#### [Problem description]
Could you print each of the records below exactly?

#### [Data extracts]
◆ ◆ ◆ ◆

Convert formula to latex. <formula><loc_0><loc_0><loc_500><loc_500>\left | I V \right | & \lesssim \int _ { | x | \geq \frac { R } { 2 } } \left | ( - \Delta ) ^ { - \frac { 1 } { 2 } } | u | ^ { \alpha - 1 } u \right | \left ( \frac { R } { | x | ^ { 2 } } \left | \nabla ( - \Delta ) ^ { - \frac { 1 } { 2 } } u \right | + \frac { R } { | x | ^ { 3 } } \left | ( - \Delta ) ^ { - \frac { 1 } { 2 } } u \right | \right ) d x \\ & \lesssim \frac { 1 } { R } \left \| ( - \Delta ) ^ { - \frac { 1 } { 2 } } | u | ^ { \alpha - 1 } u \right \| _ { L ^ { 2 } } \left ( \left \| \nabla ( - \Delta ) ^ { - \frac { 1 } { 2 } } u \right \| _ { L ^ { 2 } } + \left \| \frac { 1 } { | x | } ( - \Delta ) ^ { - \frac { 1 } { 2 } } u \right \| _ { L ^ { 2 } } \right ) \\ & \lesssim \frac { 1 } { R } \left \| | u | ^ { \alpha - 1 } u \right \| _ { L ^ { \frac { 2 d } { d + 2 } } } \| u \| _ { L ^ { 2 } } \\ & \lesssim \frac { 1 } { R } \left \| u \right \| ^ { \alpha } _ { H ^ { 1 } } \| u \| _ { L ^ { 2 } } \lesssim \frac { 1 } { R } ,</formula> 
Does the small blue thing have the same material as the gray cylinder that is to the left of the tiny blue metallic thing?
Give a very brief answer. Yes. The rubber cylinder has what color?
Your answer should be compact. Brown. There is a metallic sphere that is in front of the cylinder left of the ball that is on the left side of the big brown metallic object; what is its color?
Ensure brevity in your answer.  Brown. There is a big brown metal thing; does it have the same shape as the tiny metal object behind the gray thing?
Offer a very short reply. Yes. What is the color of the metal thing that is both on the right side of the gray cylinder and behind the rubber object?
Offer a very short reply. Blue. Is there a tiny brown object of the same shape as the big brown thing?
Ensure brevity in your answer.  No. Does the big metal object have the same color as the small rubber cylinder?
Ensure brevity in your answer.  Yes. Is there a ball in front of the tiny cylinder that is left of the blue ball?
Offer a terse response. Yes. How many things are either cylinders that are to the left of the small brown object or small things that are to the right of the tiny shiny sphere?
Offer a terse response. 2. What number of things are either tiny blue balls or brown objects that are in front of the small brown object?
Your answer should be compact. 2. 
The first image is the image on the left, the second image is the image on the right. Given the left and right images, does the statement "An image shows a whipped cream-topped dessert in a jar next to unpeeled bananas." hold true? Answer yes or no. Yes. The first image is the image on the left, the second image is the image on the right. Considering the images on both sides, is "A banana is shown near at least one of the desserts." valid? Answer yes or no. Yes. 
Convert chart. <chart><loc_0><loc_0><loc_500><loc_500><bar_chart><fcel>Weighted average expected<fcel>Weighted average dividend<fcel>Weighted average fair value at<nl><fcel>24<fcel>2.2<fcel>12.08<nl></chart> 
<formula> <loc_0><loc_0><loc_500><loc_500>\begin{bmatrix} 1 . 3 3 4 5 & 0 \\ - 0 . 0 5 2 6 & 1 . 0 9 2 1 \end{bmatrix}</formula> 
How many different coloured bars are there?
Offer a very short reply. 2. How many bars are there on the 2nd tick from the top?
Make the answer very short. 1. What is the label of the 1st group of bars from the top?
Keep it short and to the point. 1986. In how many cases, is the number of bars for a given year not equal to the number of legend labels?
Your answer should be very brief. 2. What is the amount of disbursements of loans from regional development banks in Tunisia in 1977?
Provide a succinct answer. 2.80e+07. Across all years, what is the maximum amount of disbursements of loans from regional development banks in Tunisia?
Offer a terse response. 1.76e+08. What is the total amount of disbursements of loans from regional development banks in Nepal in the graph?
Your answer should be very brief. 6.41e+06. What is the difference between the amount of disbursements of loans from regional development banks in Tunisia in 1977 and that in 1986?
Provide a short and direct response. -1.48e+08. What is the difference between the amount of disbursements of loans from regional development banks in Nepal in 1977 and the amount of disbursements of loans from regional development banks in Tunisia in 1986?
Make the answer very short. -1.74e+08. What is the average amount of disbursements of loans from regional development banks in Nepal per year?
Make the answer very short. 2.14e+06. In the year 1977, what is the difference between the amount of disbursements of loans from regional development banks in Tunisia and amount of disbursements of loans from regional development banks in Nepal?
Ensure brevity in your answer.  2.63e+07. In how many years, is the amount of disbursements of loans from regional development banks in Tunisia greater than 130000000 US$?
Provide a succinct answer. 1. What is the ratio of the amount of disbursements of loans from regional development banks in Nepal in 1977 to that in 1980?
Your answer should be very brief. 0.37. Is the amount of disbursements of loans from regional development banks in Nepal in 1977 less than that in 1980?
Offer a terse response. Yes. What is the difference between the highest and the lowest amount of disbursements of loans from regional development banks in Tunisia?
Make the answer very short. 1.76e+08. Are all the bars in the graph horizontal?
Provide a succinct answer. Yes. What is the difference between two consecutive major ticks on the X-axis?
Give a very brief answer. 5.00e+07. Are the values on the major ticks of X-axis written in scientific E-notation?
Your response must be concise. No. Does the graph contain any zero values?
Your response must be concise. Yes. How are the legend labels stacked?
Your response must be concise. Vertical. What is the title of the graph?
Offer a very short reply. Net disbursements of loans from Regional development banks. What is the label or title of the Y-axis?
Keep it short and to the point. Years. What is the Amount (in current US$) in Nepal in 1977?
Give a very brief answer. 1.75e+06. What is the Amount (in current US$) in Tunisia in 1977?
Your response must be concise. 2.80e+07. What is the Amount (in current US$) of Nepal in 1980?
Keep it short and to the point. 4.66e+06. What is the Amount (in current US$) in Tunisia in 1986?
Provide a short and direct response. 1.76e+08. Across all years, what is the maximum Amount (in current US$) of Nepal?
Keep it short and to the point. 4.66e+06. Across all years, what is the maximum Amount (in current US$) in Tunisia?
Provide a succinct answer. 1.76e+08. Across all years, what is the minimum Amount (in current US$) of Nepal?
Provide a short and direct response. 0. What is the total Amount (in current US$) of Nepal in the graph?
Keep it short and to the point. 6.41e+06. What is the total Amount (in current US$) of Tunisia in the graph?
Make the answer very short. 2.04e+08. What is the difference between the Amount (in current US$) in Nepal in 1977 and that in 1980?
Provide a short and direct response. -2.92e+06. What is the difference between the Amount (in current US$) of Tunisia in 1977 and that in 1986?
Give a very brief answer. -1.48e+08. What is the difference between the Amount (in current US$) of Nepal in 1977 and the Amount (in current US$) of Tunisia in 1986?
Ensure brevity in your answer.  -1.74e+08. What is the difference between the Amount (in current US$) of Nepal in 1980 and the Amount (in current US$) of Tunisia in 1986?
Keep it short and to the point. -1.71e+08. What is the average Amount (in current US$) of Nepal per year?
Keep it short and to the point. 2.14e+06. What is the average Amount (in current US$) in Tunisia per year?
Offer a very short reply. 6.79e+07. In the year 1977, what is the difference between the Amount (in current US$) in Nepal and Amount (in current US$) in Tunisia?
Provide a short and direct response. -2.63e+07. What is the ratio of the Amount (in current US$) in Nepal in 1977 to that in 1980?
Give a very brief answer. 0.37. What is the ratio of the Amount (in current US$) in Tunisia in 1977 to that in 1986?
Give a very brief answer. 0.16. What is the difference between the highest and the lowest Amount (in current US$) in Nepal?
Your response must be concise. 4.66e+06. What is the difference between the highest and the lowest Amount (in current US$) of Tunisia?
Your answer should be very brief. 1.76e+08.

◆ ◆ ◆ ◆

#### [Written answer]
Convert formula to latex. <formula><loc_0><loc_0><loc_500><loc_500>\left | I V \right | & \lesssim \int _ { | x | \geq \frac { R } { 2 } } \left | ( - \Delta ) ^ { - \frac { 1 } { 2 } } | u | ^ { \alpha - 1 } u \right | \left ( \frac { R } { | x | ^ { 2 } } \left | \nabla ( - \Delta ) ^ { - \frac { 1 } { 2 } } u \right | + \frac { R } { | x | ^ { 3 } } \left | ( - \Delta ) ^ { - \frac { 1 } { 2 } } u \right | \right ) d x \\ & \lesssim \frac { 1 } { R } \left \| ( - \Delta ) ^ { - \frac { 1 } { 2 } } | u | ^ { \alpha - 1 } u \right \| _ { L ^ { 2 } } \left ( \left \| \nabla ( - \Delta ) ^ { - \frac { 1 } { 2 } } u \right \| _ { L ^ { 2 } } + \left \| \frac { 1 } { | x | } ( - \Delta ) ^ { - \frac { 1 } { 2 } } u \right \| _ { L ^ { 2 } } \right ) \\ & \lesssim \frac { 1 } { R } \left \| | u | ^ { \alpha - 1 } u \right \| _ { L ^ { \frac { 2 d } { d + 2 } } } \| u \| _ { L ^ { 2 } } \\ & \lesssim \frac { 1 } { R } \left \| u \right \| ^ { \alpha } _ { H ^ { 1 } } \| u \| _ { L ^ { 2 } } \lesssim \frac { 1 } { R } ,</formula> 
Does the small blue thing have the same material as the gray cylinder that is to the left of the tiny blue metallic thing?
Give a very brief answer. Yes. The rubber cylinder has what color?
Your answer should be compact. Brown. There is a metallic sphere that is in front of the cylinder left of the ball that is on the left side of the big brown metallic object; what is its color?
Ensure brevity in your answer.  Brown. There is a big brown metal thing; does it have the same shape as the tiny metal object behind the gray thing?
Offer a very short reply. Yes. What is the color of the metal thing that is both on the right side of the gray cylinder and behind the rubber object?
Offer a very short reply. Blue. Is there a tiny brown object of the same shape as the big brown thing?
Ensure brevity in your answer.  No. Does the big metal object have the same color as the small rubber cylinder?
Ensure brevity in your answer.  Yes. Is there a ball in front of the tiny cylinder that is left of the blue ball?
Offer a terse response. Yes. How many things are either cylinders that are to the left of the small brown object or small things that are to the right of the tiny shiny sphere?
Offer a terse response. 2. What number of things are either tiny blue balls or brown objects that are in front of the small brown object?
Your answer should be compact. 2. 
The first image is the image on the left, the second image is the image on the right. Given the left and right images, does the statement "An image shows a whipped cream-topped dessert in a jar next to unpeeled bananas." hold true? Answer yes or no. Yes. The first image is the image on the left, the second image is the image on the right. Considering the images on both sides, is "A banana is shown near at least one of the desserts." valid? Answer yes or no. Yes. 
Convert chart. <chart><loc_0><loc_0><loc_500><loc_500><bar_chart><fcel>Weighted average expected<fcel>Weighted average dividend<fcel>Weighted average fair value at<nl><fcel>24<fcel>2.2<fcel>12.08<nl></chart> 
<formula> <loc_0><loc_0><loc_500><loc_500>\begin{bmatrix} 1 . 3 3 4 5 & 0 \\ - 0 . 0 5 2 6 & 1 . 0 9 2 1 \end{bmatrix}</formula> 
How many different coloured bars are there?
Offer a very short reply. 2. How many bars are there on the 2nd tick from the top?
Make the answer very short. 1. What is the label of the 1st group of bars from the top?
Keep it short and to the point. 1986. In how many cases, is the number of bars for a given year not equal to the number of legend labels?
Your answer should be very brief. 2. What is the amount of disbursements of loans from regional development banks in Tunisia in 1977?
Provide a succinct answer. 2.80e+07. Across all years, what is the maximum amount of disbursements of loans from regional development banks in Tunisia?
Offer a terse response. 1.76e+08. What is the total amount of disbursements of loans from regional development banks in Nepal in the graph?
Your answer should be very brief. 6.41e+06. What is the difference between the amount of disbursements of loans from regional development banks in Tunisia in 1977 and that in 1986?
Provide a short and direct response. -1.48e+08. What is the difference between the amount of disbursements of loans from regional development banks in Nepal in 1977 and the amount of disbursements of loans from regional development banks in Tunisia in 1986?
Make the answer very short. -1.74e+08. What is the average amount of disbursements of loans from regional development banks in Nepal per year?
Make the answer very short. 2.14e+06. In the year 1977, what is the difference between the amount of disbursements of loans from regional development banks in Tunisia and amount of disbursements of loans from regional development banks in Nepal?
Ensure brevity in your answer.  2.63e+07. In how many years, is the amount of disbursements of loans from regional development banks in Tunisia greater than 130000000 US$?
Provide a succinct answer. 1. What is the ratio of the amount of disbursements of loans from regional development banks in Nepal in 1977 to that in 1980?
Your answer should be very brief. 0.37. Is the amount of disbursements of loans from regional development banks in Nepal in 1977 less than that in 1980?
Offer a terse response. Yes. What is the difference between the highest and the lowest amount of disbursements of loans from regional development banks in Tunisia?
Make the answer very short. 1.76e+08. Are all the bars in the graph horizontal?
Provide a succinct answer. Yes. What is the difference between two consecutive major ticks on the X-axis?
Give a very brief answer. 5.00e+07. Are the values on the major ticks of X-axis written in scientific E-notation?
Your response must be concise. No. Does the graph contain any zero values?
Your response must be concise. Yes. How are the legend labels stacked?
Your response must be concise. Vertical. What is the title of the graph?
Offer a very short reply. Net disbursements of loans from Regional development banks. What is the label or title of the Y-axis?
Keep it short and to the point. Years. What is the Amount (in current US$) in Nepal in 1977?
Give a very brief answer. 1.75e+06. What is the Amount (in current US$) in Tunisia in 1977?
Your response must be concise. 2.80e+07. What is the Amount (in current US$) of Nepal in 1980?
Keep it short and to the point. 4.66e+06. What is the Amount (in current US$) in Tunisia in 1986?
Provide a short and direct response. 1.76e+08. Across all years, what is the maximum Amount (in current US$) of Nepal?
Keep it short and to the point. 4.66e+06. Across all years, what is the maximum Amount (in current US$) in Tunisia?
Provide a succinct answer. 1.76e+08. Across all years, what is the minimum Amount (in current US$) of Nepal?
Provide a short and direct response. 0. What is the total Amount (in current US$) of Nepal in the graph?
Keep it short and to the point. 6.41e+06. What is the total Amount (in current US$) of Tunisia in the graph?
Make the answer very short. 2.04e+08. What is the difference between the Amount (in current US$) in Nepal in 1977 and that in 1980?
Provide a short and direct response. -2.92e+06. What is the difference between the Amount (in current US$) of Tunisia in 1977 and that in 1986?
Give a very brief answer. -1.48e+08. What is the difference between the Amount (in current US$) of Nepal in 1977 and the Amount (in current US$) of Tunisia in 1986?
Ensure brevity in your answer.  -1.74e+08. What is the difference between the Amount (in current US$) of Nepal in 1980 and the Amount (in current US$) of Tunisia in 1986?
Keep it short and to the point. -1.71e+08. What is the average Amount (in current US$) of Nepal per year?
Keep it short and to the point. 2.14e+06. What is the average Amount (in current US$) in Tunisia per year?
Offer a very short reply. 6.79e+07. In the year 1977, what is the difference between the Amount (in current US$) in Nepal and Amount (in current US$) in Tunisia?
Provide a short and direct response. -2.63e+07. What is the ratio of the Amount (in current US$) in Nepal in 1977 to that in 1980?
Give a very brief answer. 0.37. What is the ratio of the Amount (in current US$) in Tunisia in 1977 to that in 1986?
Give a very brief answer. 0.16. What is the difference between the highest and the lowest Amount (in current US$) in Nepal?
Your response must be concise. 4.66e+06. What is the difference between the highest and the lowest Amount (in current US$) of Tunisia?
Your answer should be very brief. 1.76e+08.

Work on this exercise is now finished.